Et ce projet, il a pris forme quand et comment ?

J’ai écrit plusieurs chansons originales dont une sur les Halles qui a été relayée sur les réseaux, sur Chante France, sur France Bleu… Très sincèrement, je n’avais pas trop envie de faire des reprises. Tout le monde en fait. Ça devient banal finalement aujourd’hui. Puis, tout est parti de « Nuit de Folie », en fait. J’ai toujours adoré cette chanson, déjà étant gamin, mais aujourd’hui encore parce que je l’entends un peu différemment. On dira ce qu’on veut sur ce titre, mais si il fonctionne toujours aussi bien depuis trente ans, c’est parce que sa mélodie est très forte. En fin de compte, j’ai tenté de l’épurer et de tendre vers une version la plus simple possible, le piano-voix. Quand on met « Nuit de Folie » en piano-voix… et bien ça fonctionne. On pensera ce qu’on veut des paroles, mais elles sont très happy few, très positives… et je pense que tout le monde avait besoin de ça à cette époque ! Je me suis filmé et j’ai posté la vidéo sur les réseaux. En deux jours, j’ai eu sept cents partages. Sacha de Début de Soirée m’a appelé pour me dire qu’il aimait beaucoup ma version, on est rapidement devenu copains. Après, j’ai reposté quelques covers sur les réseaux, puis j’en ai discuté avec les gens de mon label. On a discuté de l’idée de publier un EP. Ils étaient partants. Toute cette aventure est partie de « Nuit de Folie »…

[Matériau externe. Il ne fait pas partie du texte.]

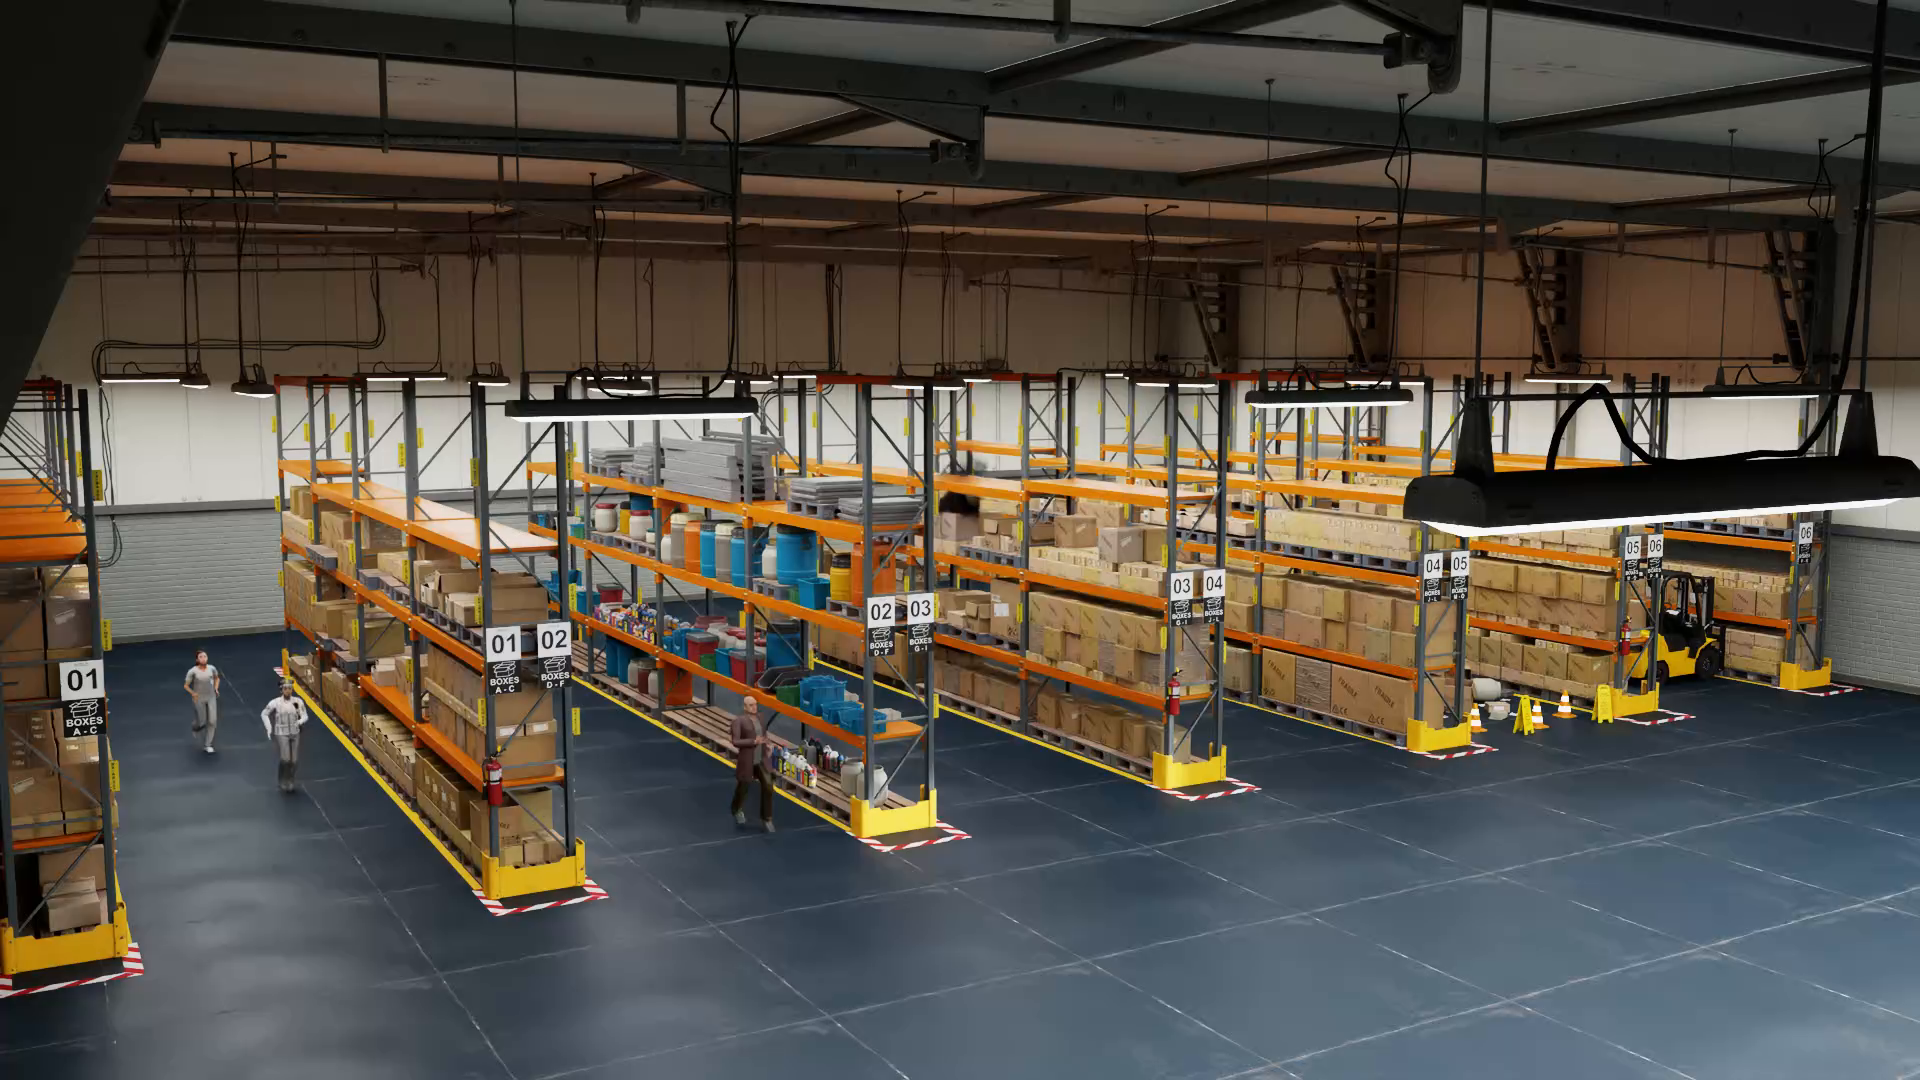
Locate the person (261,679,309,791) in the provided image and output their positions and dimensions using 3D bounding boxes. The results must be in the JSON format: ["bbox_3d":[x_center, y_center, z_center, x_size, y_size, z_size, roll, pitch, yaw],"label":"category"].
[{"bbox_3d":[-9.789,2.843,24.219,0.593,1.660,0.624,-5,8,-37],"label":"person"}]

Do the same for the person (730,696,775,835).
[{"bbox_3d":[-2.809,3.003,22.345,0.677,1.846,0.865,-5,8,-37],"label":"person"}]

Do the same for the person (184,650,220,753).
[{"bbox_3d":[-12.233,2.587,26.884,0.552,1.640,0.731,-6,8,-42],"label":"person"}]

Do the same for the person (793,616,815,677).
[{"bbox_3d":[-2.953,1.925,31.246,0.490,1.624,0.711,-5,8,-37],"label":"person"}]
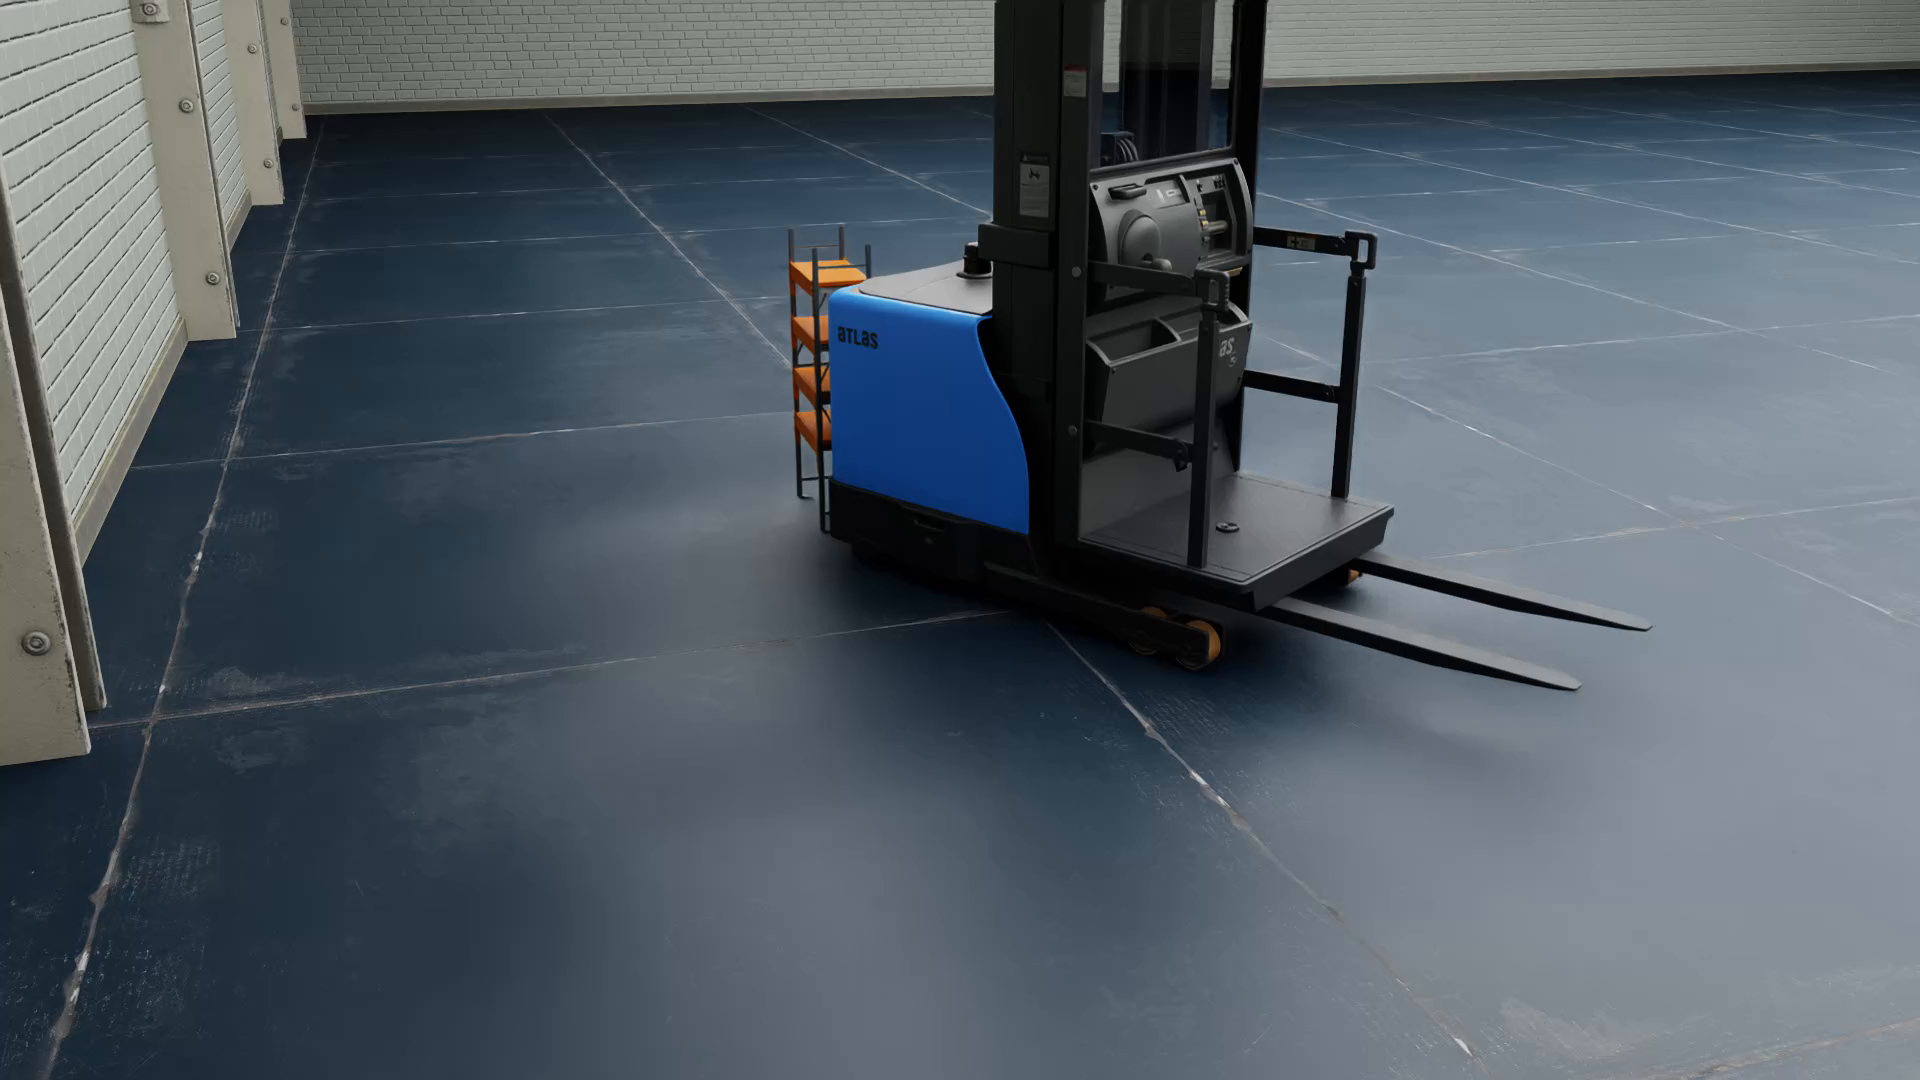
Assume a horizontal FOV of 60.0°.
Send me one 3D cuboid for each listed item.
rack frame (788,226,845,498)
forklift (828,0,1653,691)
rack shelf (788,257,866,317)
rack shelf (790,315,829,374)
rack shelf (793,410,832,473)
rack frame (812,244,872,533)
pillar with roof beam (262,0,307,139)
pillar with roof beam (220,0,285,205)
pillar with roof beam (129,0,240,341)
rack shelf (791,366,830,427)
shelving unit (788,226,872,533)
[{"bbox_3d":[-0.612,-0.766,7.274,0.240,1.200,0.015,-6,21,-16],"label":"rack frame"},{"bbox_3d":[0.918,-1.137,5.746,3.031,2.935,1.130,16,25,38],"label":"forklift"},{"bbox_3d":[-0.542,-1.057,6.921,0.258,0.148,0.480,-6,21,-16],"label":"rack shelf"},{"bbox_3d":[-0.542,-0.834,7.001,0.258,0.148,0.480,-6,21,-16],"label":"rack shelf"},{"bbox_3d":[-0.542,-0.437,7.144,0.258,0.148,0.480,-6,21,-16],"label":"rack shelf"},{"bbox_3d":[-0.472,-0.608,6.834,0.240,1.200,0.015,-6,21,-16],"label":"rack frame"},{"bbox_3d":[-4.448,-9.860,21.057,9.100,9.000,0.400,-6,21,-17],"label":"pillar with roof beam"},{"bbox_3d":[-2.562,-7.935,15.696,9.100,9.000,0.400,-6,21,-17],"label":"pillar with roof beam"},{"bbox_3d":[-0.676,-6.010,10.336,9.100,9.000,0.400,-6,21,-17],"label":"pillar with roof beam"},{"bbox_3d":[-0.542,-0.624,7.077,0.258,0.148,0.480,-6,21,-16],"label":"rack shelf"},{"bbox_3d":[-0.542,-0.687,7.054,0.258,1.200,0.503,-6,21,-16],"label":"shelving unit"}]
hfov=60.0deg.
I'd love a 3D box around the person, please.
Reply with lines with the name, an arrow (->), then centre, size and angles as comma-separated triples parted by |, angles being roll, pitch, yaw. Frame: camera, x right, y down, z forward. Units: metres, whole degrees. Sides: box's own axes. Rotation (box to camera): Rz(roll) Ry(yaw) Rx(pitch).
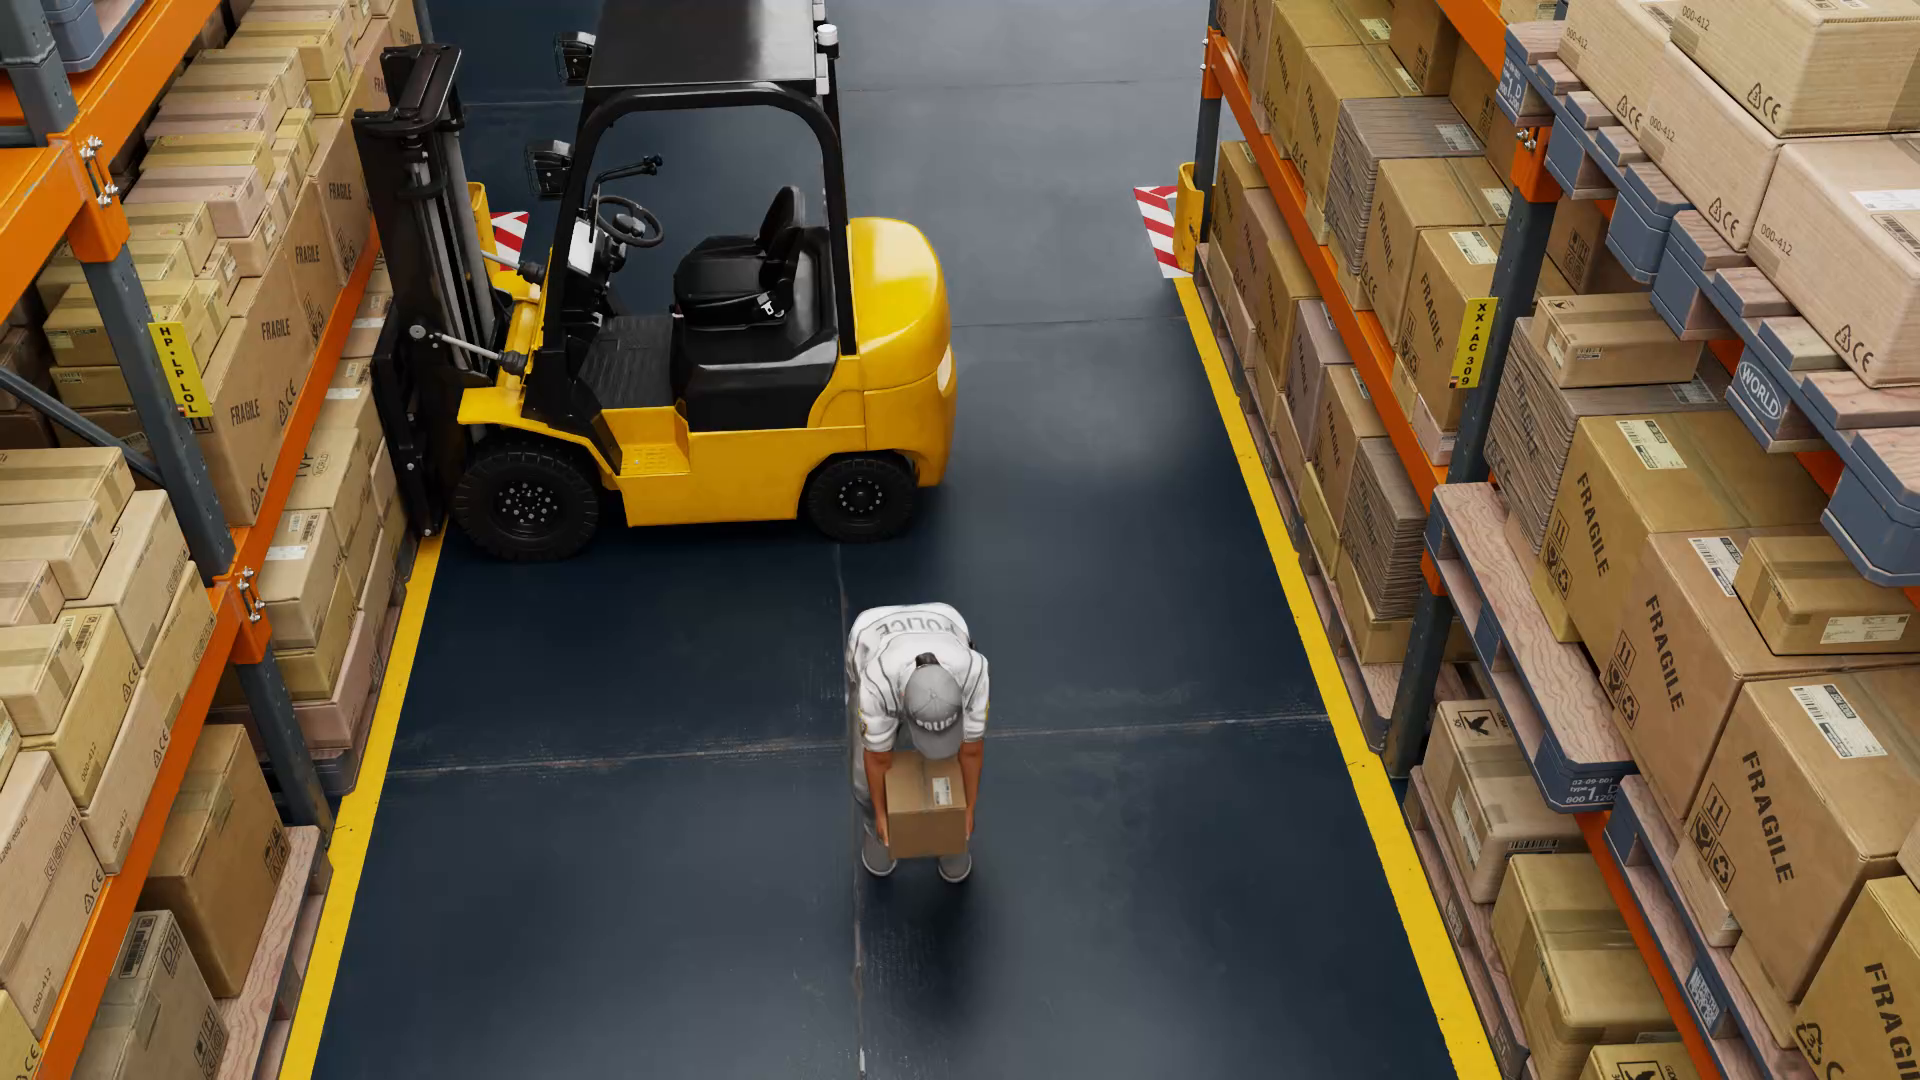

Comment as-tu choisi les chansons qui figurent sur cet EP ? Je suppose qu’elles sont rattachées à des souvenirs.

Tu as mis le doigt dessus. Chacune est un coup de cœur. Et chacune me rappelle un moment de vie. Gamin, ado… Et puis, comme chacune a été un tube à son époque, c’était intéressant de les dépouiller et de leur apporter de nouveaux arrangements aujourd’hui. L’idée était de les amener de la manière la plus simple possible. Je n’ai pas fait de guitare-voix, mais j’aurais pu. J’ai préféré le piano-voix pour ces cinq-ci. Je trouve qu’il apporte la quintessence de la chanson. Du coup, les mélodies et les textes ressortent mieux.

Tu reprends « Love Me, Please Love Me »… Tu m’avais confié il y a quelques années que c’était la première chanson que tu avais jouée au piano… (-> relire notre interview de Marc Fichel à l’occasion de la sortie de son premier album « Blackberry Déprime »)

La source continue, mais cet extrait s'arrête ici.